◆ **Required action**
Look below for lines that hold the string "PoolStringArray" and copy each one.

◆ **Excerpted records**
□ □ □ □ □ □ □
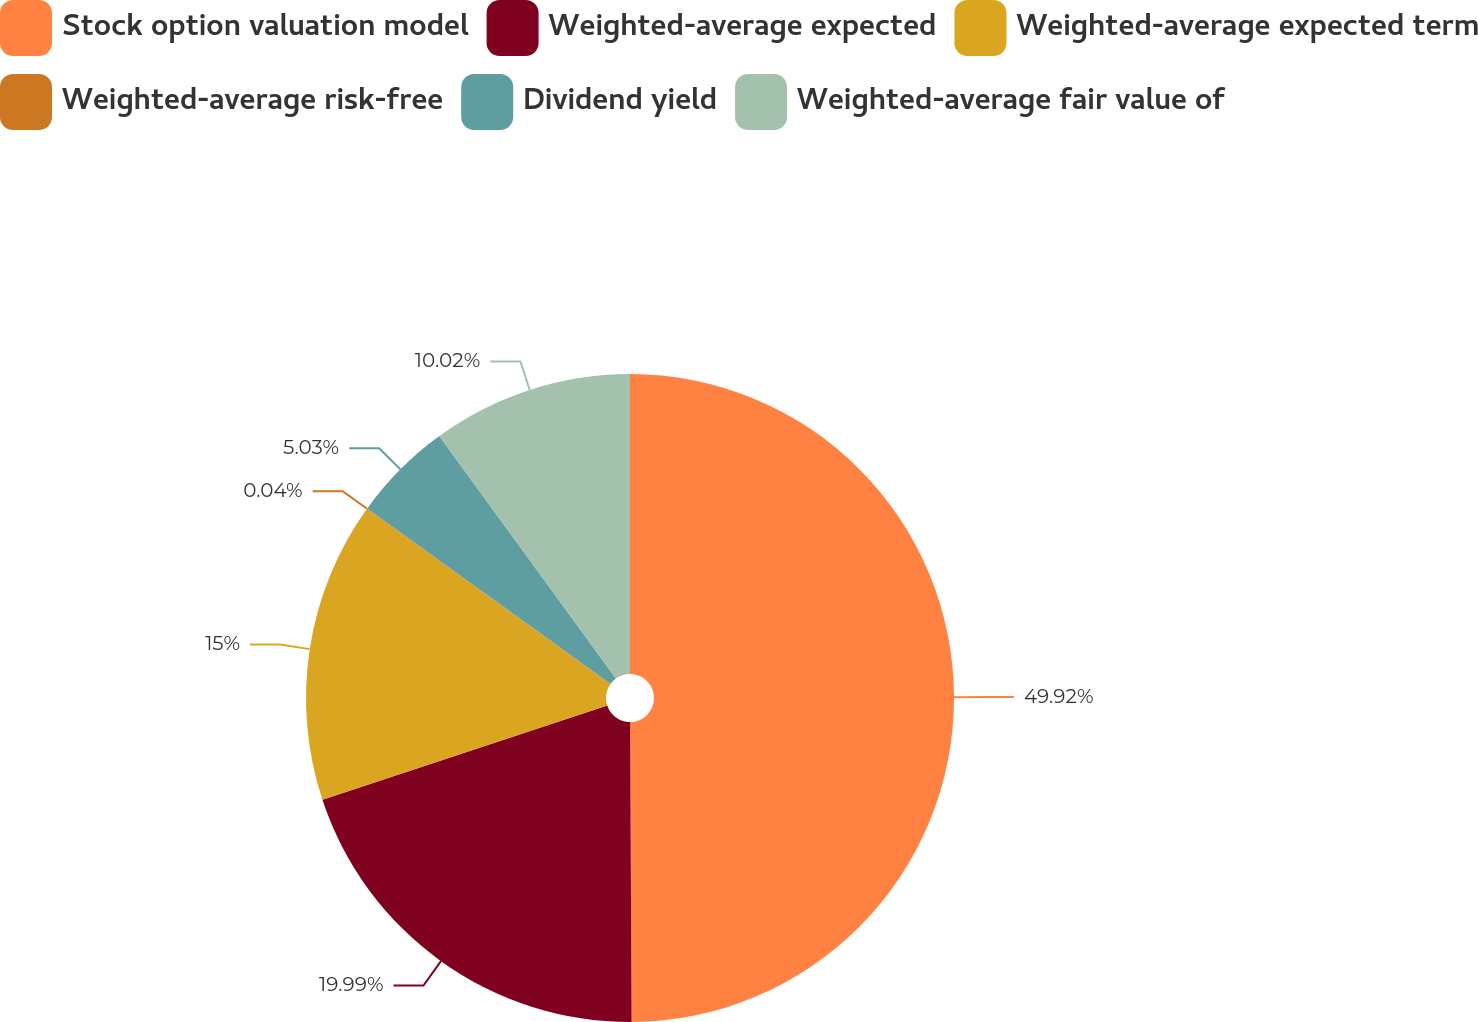Convert chart to OTSL. <chart><loc_0><loc_0><loc_500><loc_500><pie_chart><fcel>Stock option valuation model<fcel>Weighted-average expected<fcel>Weighted-average expected term<fcel>Weighted-average risk-free<fcel>Dividend yield<fcel>Weighted-average fair value of<nl><fcel>49.92%<fcel>19.99%<fcel>15.0%<fcel>0.04%<fcel>5.03%<fcel>10.02%<nl></chart> 
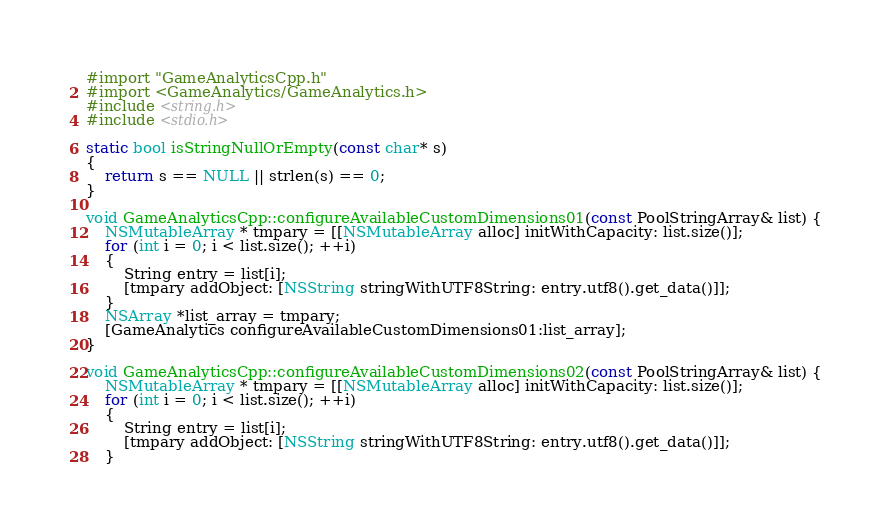<code> <loc_0><loc_0><loc_500><loc_500><_ObjectiveC_>#import "GameAnalyticsCpp.h"
#import <GameAnalytics/GameAnalytics.h>
#include <string.h>
#include <stdio.h>

static bool isStringNullOrEmpty(const char* s)
{
    return s == NULL || strlen(s) == 0;
}

void GameAnalyticsCpp::configureAvailableCustomDimensions01(const PoolStringArray& list) {
    NSMutableArray * tmpary = [[NSMutableArray alloc] initWithCapacity: list.size()];
    for (int i = 0; i < list.size(); ++i)
    {
        String entry = list[i];
        [tmpary addObject: [NSString stringWithUTF8String: entry.utf8().get_data()]];
    }
    NSArray *list_array = tmpary;
    [GameAnalytics configureAvailableCustomDimensions01:list_array];
}

void GameAnalyticsCpp::configureAvailableCustomDimensions02(const PoolStringArray& list) {
    NSMutableArray * tmpary = [[NSMutableArray alloc] initWithCapacity: list.size()];
    for (int i = 0; i < list.size(); ++i)
    {
        String entry = list[i];
        [tmpary addObject: [NSString stringWithUTF8String: entry.utf8().get_data()]];
    }</code> 
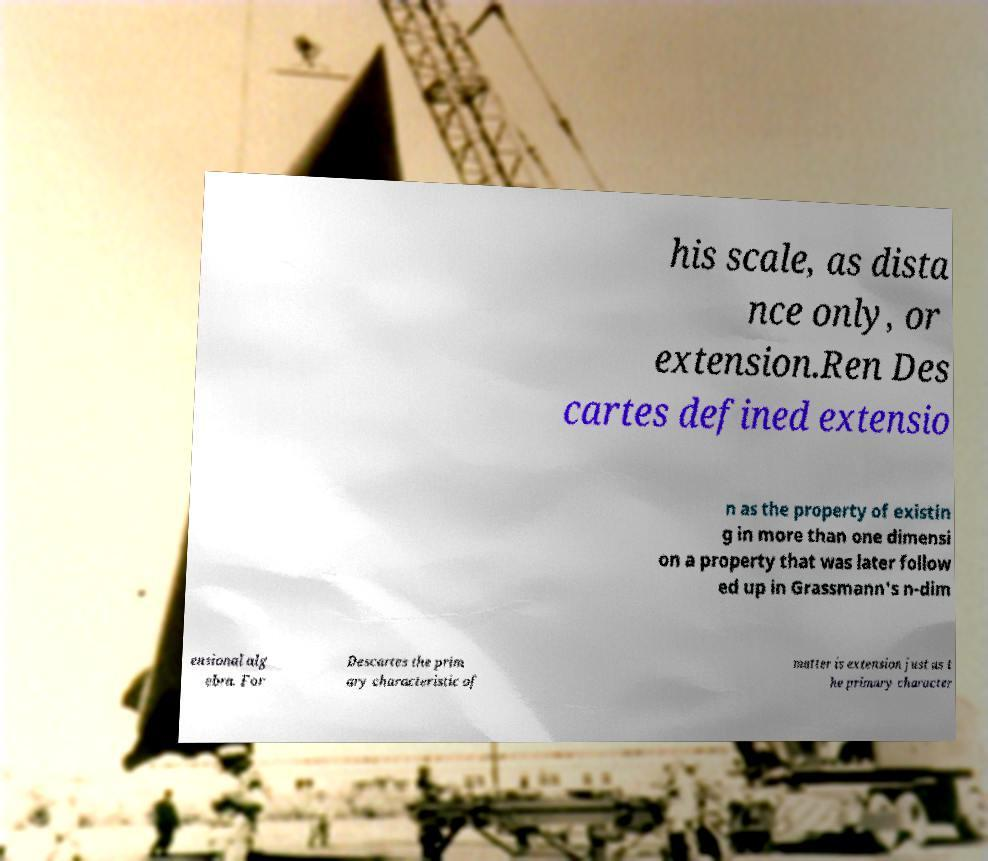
□ □ □ □ □ □ □
◆ **The answer**
void GameAnalyticsCpp::configureAvailableCustomDimensions01(const PoolStringArray& list) {
void GameAnalyticsCpp::configureAvailableCustomDimensions02(const PoolStringArray& list) {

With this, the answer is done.